Gene Therapy
A treatment approach that modifies, replaces, or introduces genetic material into a patient's cells to address disease at its molecular source. Often used for inherited disorders and cancers, these therapies face complex manufacturing, regulatory, and reimbursement challenges given their high cost.
What is gene therapy?
Gene therapy is a treatment strategy that addresses disease by altering the genetic instructions inside a patient's cells, whether by adding a working copy of a gene, silencing a faulty one, or otherwise correcting genetic material. The goal is to treat the underlying molecular cause of a condition rather than only its symptoms.
These therapies are frequently developed for inherited single-gene disorders and certain cancers, and they often deliver genetic material using engineered viral vectors or other carriers.
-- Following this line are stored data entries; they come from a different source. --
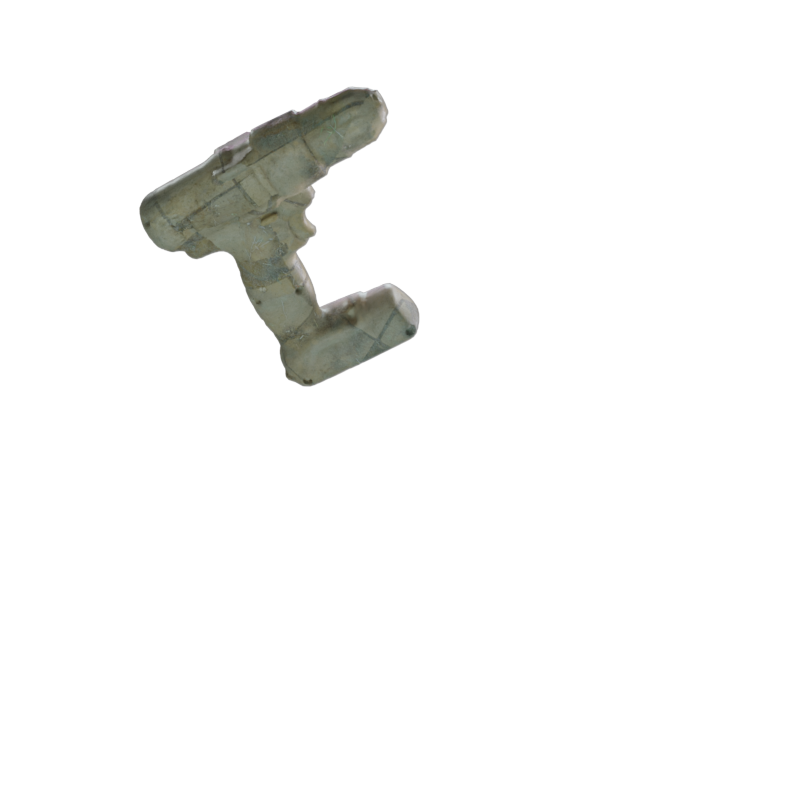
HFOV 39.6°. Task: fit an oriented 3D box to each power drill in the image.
[{"bbox_3d":[-0.061,-0.111,0.775,0.185,0.176,0.061,-25,28,14],"label":"power drill"}]
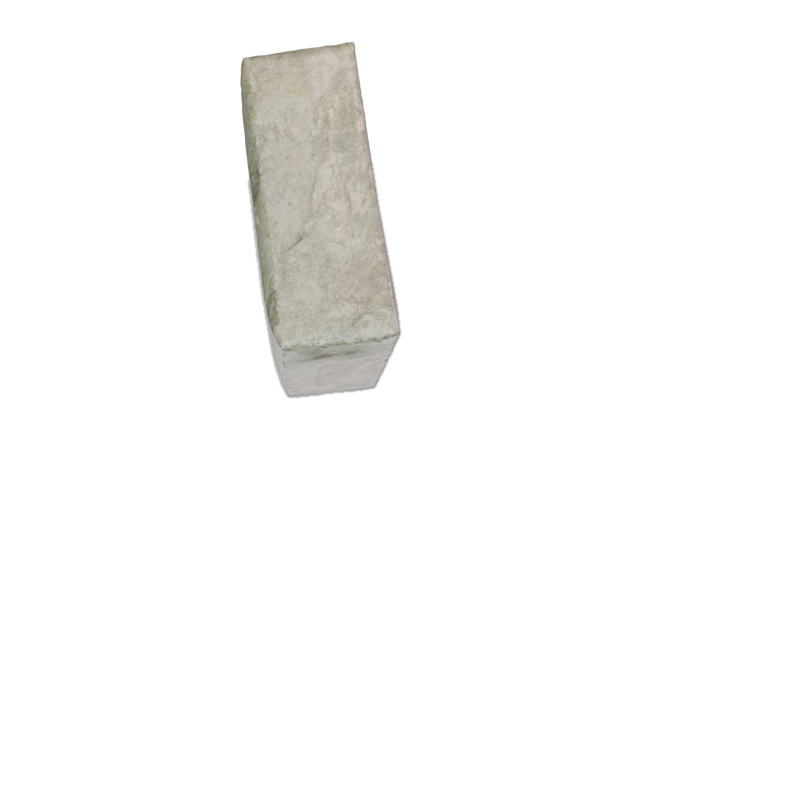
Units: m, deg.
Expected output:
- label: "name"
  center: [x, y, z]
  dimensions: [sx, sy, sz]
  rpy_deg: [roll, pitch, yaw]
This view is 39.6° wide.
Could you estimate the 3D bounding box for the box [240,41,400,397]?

Many are designed as one-time or infrequent treatments rather than ongoing therapy.
Why is gene therapy significant in healthcare?
Gene therapy can offer durable or potentially curative benefit for diseases that previously had few options, which makes it scientifically and clinically transformative. At the same time, its complex manufacturing, specialized handling, and stringent regulatory oversight set it apart from conventional drugs.
The high one-time cost of many gene therapies creates difficult reimbursement and coverage questions for payers and health systems, sometimes prompting outcomes-based or installment payment arrangements. These financial and access challenges are central to how the therapies reach patients.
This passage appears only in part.